To measure the pHi in vivo, embryos were electroporated at stage 4-5HH with the pHluorin construct and cultured in EC culture until stage 9HH and then cultured for 10 hours with and without 2DG in EC cultures or in chemically-defined conditions before mounting. Next, embryos were mounted on MatTek glass-bottom slides on a thin albumin/agar gel in the same culture conditions. Images were captured as described above. After image capture, 3-channel z-stacks (.lif) of individual embryos were exported using Fiji into single channel single plane images (.png) for import into GoFigure2 software (www.gofigure2.org, (38)). Spherical segmentations of 9 μm radius were generated manually on the Td-Tomato channel image to encircle single cells on the raw images. Intensities of the 405nm-excited and 488nm-excited pHluorin signals were automatically calculated within the segmentations by GoFigure2. The measurements were exported for further analysis in custom made Matlab routines (Mathworks). To compare pH between different embryos, segmentations from individual embryos measured in the same day experiment were averaged to obtain a global ratio, followed by unpaired t-tests. To compare pH between different regions of individual embryos, segmentations were first normalized to the global ratio to minimize the contribution of embryo to embryo variation of overall signal intensity, followed by paired t-tests. In Figure 1b, average values are calculated every 30 segmented cells along the AP axis. Normalized Average 488/405 nm ratio in anterior and posterior PSM in control and experimental embryos were calculated from the average of 40 posterior-most and 40 anterior-most cells. Black lines connect anterior and posterior ends of the same embryo in Figure 1d and g. To calculate the average 488/405 nm fluorescence ratio of 2-day chicken embryos shown in Fig. 1f, h, in each sample, average ratio (black dot) was obtained by averaging all cells (n between 50-250/embryo). Samples were then pooled for comparing the average ratio. Ratio of fluorescence intensity is shown with Fire color using image J.

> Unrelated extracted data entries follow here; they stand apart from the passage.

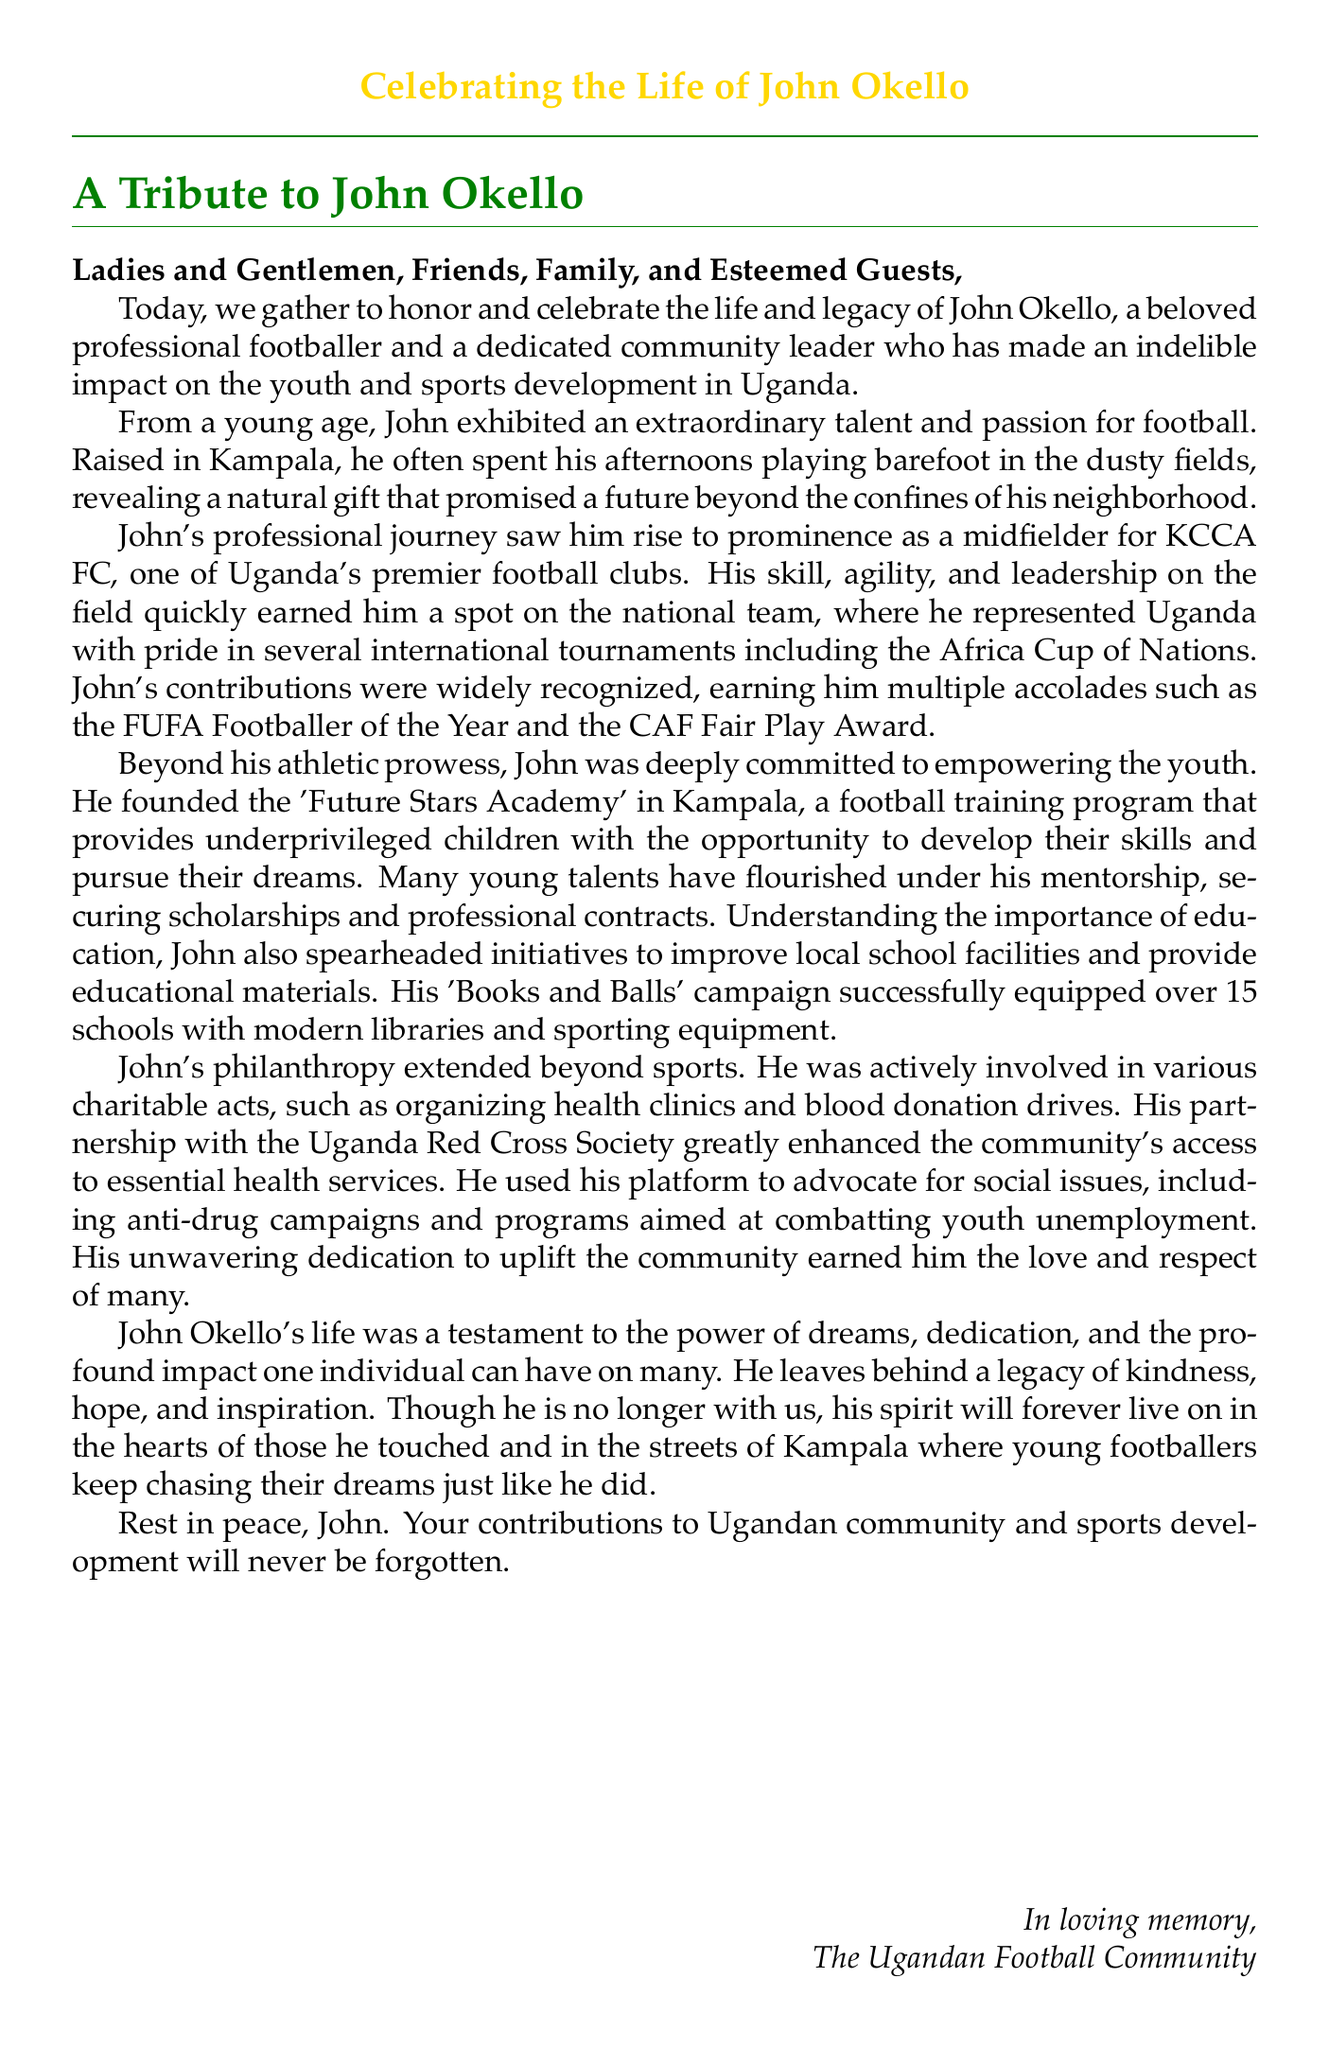What was John Okello's main role in football? John Okello was primarily a midfielder, which is stated in the document as part of his professional journey.
Answer: Midfielder For which club did John Okello play? The document mentions that he was a midfielder for KCCA FC, which is one of Uganda's premier football clubs.
Answer: KCCA FC What recognition did John Okello receive for his sportsmanship? The document states he earned the CAF Fair Play Award, among other accolades.
Answer: CAF Fair Play Award What was the name of the academy founded by John Okello? The document refers to the football training program he established as the 'Future Stars Academy'.
Answer: Future Stars Academy How many schools were equipped through John Okello's 'Books and Balls' campaign? The document specifies that over 15 schools were equipped with modern libraries and sporting equipment.
Answer: Over 15 schools What medical initiative did John Okello organize? He was involved in organizing health clinics, as mentioned in the document.
Answer: Health clinics What social issue did John Okello advocate against? The document highlights that he advocated for anti-drug campaigns as part of his community involvement.
Answer: Anti-drug campaigns How is John Okello remembered in the community? The document describes his legacy as one of kindness, hope, and inspiration, indicating how he is perceived by others.
Answer: Kindness, hope, and inspiration

Alternatively, BCECF-AM (ThermoFisher Scientific #B1150) was used to analyze the intracellular pH in PSM explants. PSM were dissected in PBS with Ca²⁺, Mg²⁺ (Sigma) using collagenase type IV to loosen embryonic tissue. After dissection explants were incubated for 1 hour with 20 μM BCECF diluted in culture medium (DMEM/F12, 10% Fetal Bovine Serum, 1% Penicillin Streptomycin) at 37°C and 5% CO₂. Then, explants were washed with PBS with Ca²⁺, Mg²⁺. BCECF fluorescence was measured with a confocal microscope (LSM780, Zeiss) at two excitation wavelengths (405 nm and 488 nm), both collected at a collection window of 515-555nm. Statistical significance was assessed by two-sided paired t-test.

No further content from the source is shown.